When engineers choose between shipping a feature and adding metadata, the feature wins. Every time. This is how Visibility Theater starts. You cannot hold a team accountable for a bill you cannot trace back to them.
The Shift: From Policy to Enforcement
Most organizations approach tagging as a policy problem. Documentation, Slack reminders, periodic audits. That approach does not scale. If attribution is required for accountability, then it cannot be optional. It has to be enforced at the point of creation.

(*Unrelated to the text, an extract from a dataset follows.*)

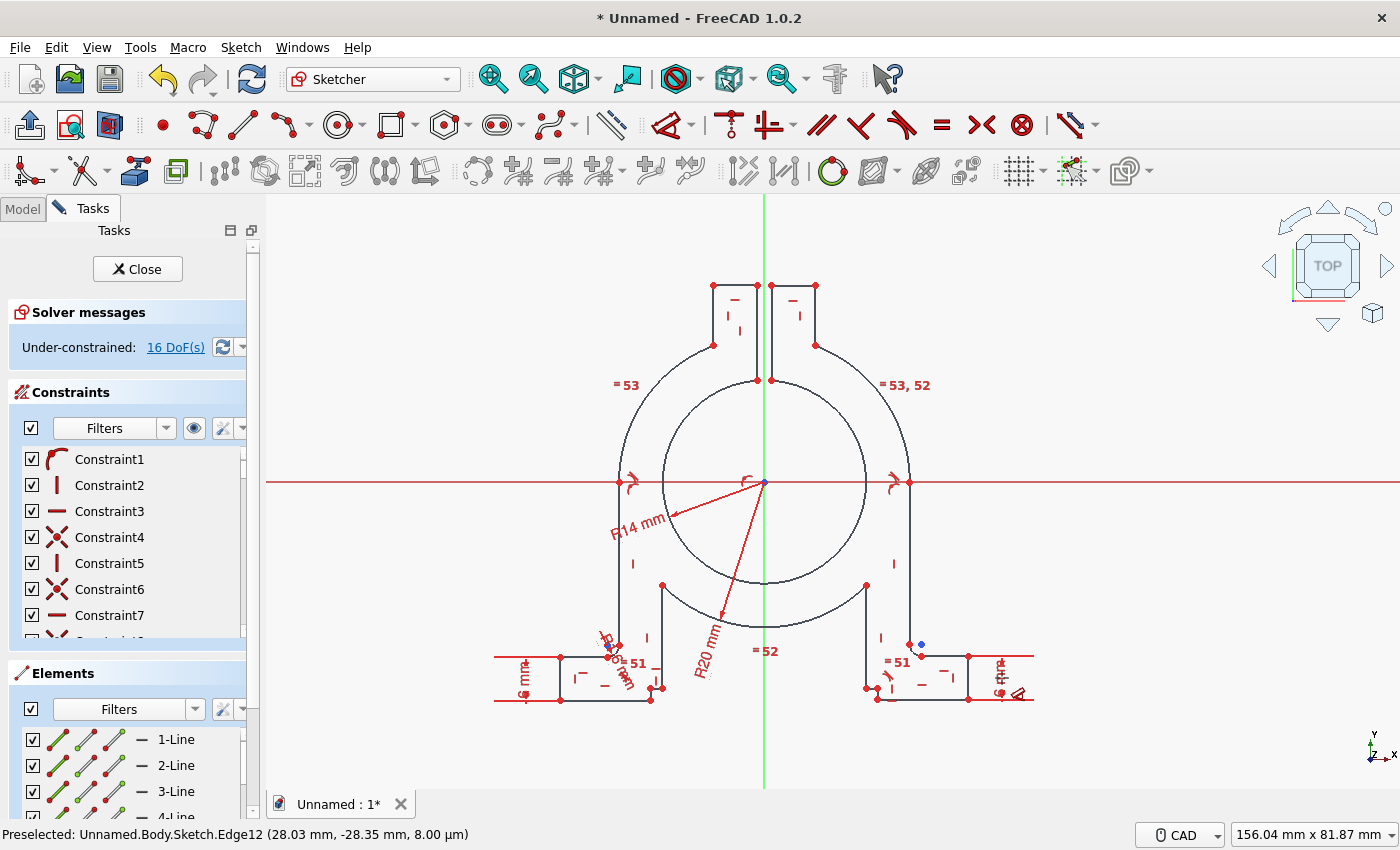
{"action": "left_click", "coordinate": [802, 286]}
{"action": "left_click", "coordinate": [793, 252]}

The Play: Enforce at the Control Plane
The most direct way to do this in AWS is through Service Control Policies (SCPs). (Note, for Microsoft its Azure Policy. For Google Cloud Platform, its a combination of Org Policy Service and VPC Service Controls. In any situation, it can be done.)
Define a deny rule: if a resource is created without required tags such as Cost Center or Project ID, the API call fails.
No tag, no resource.
A Simple Implementation Path
Define the non-negotiables
Limit to a small set of required tags. Owner, Environment, Project is usually sufficient.Template in Infrastructure as Code
If capable, provide a template that includes tagging at the Global and/or Resource level.

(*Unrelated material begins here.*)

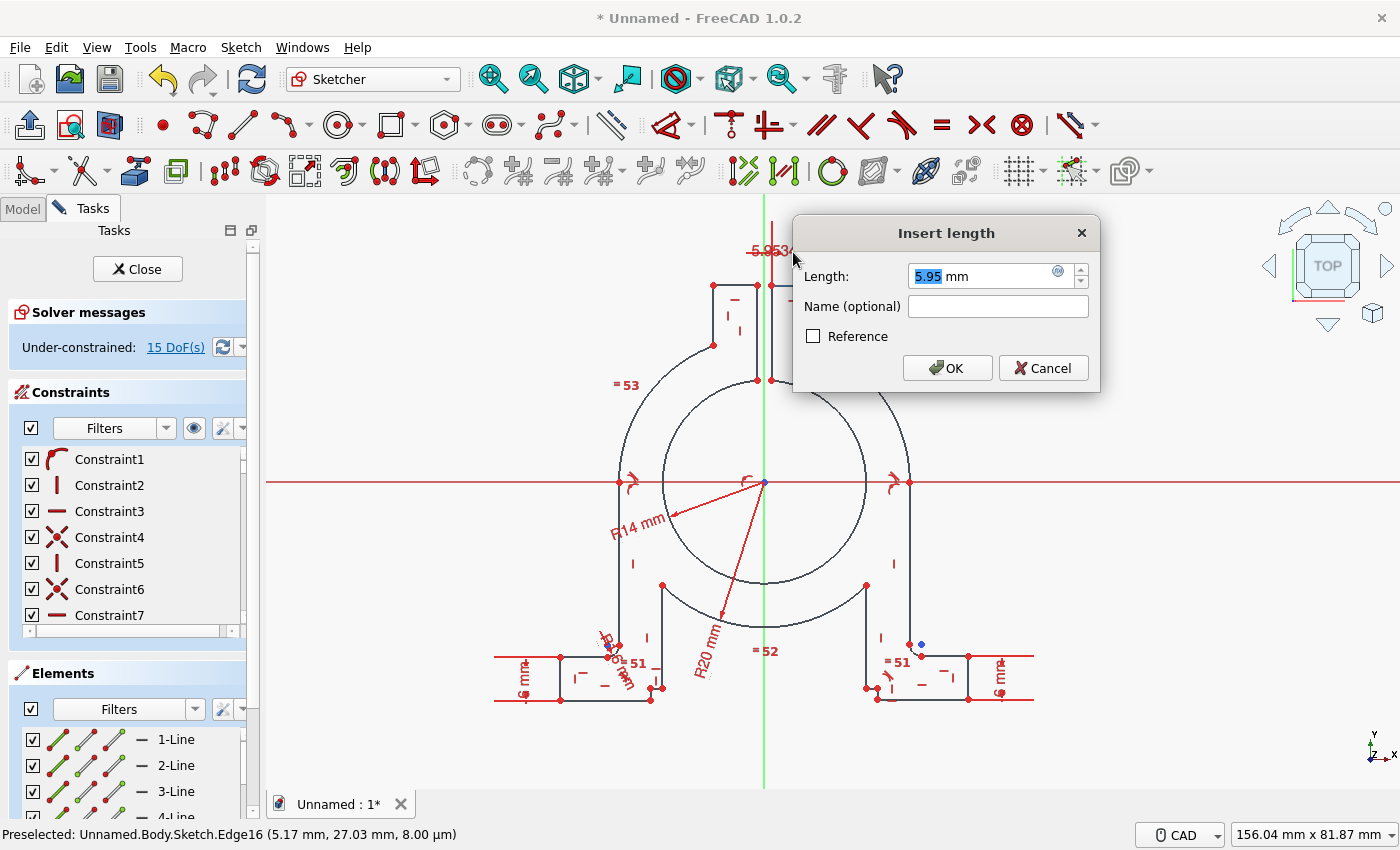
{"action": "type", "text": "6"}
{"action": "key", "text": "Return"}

Introduce a short visibility window
Run Tag Policies in report mode for a defined period. Show teams exactly what would fail.Enforce at creation
Activate the SCP and make tagging a requirement of deployment, not a follow-up task.
The Result
You move from manual enforcement to system-level integrity.
Cost allocation is no longer a best effort process. It becomes a property of the system. Attribution approaches 100% because untagged resources never exist in the first place.
Why This Matters
This is the difference between insight and action.
Tagging policies produce reports. Enforcement produces outcomes.
If FinOps is going to meet the moment with AI and increasing cost complexity, this is the model. Build systems where the correct behavior is the only possible behavior. Start taking action.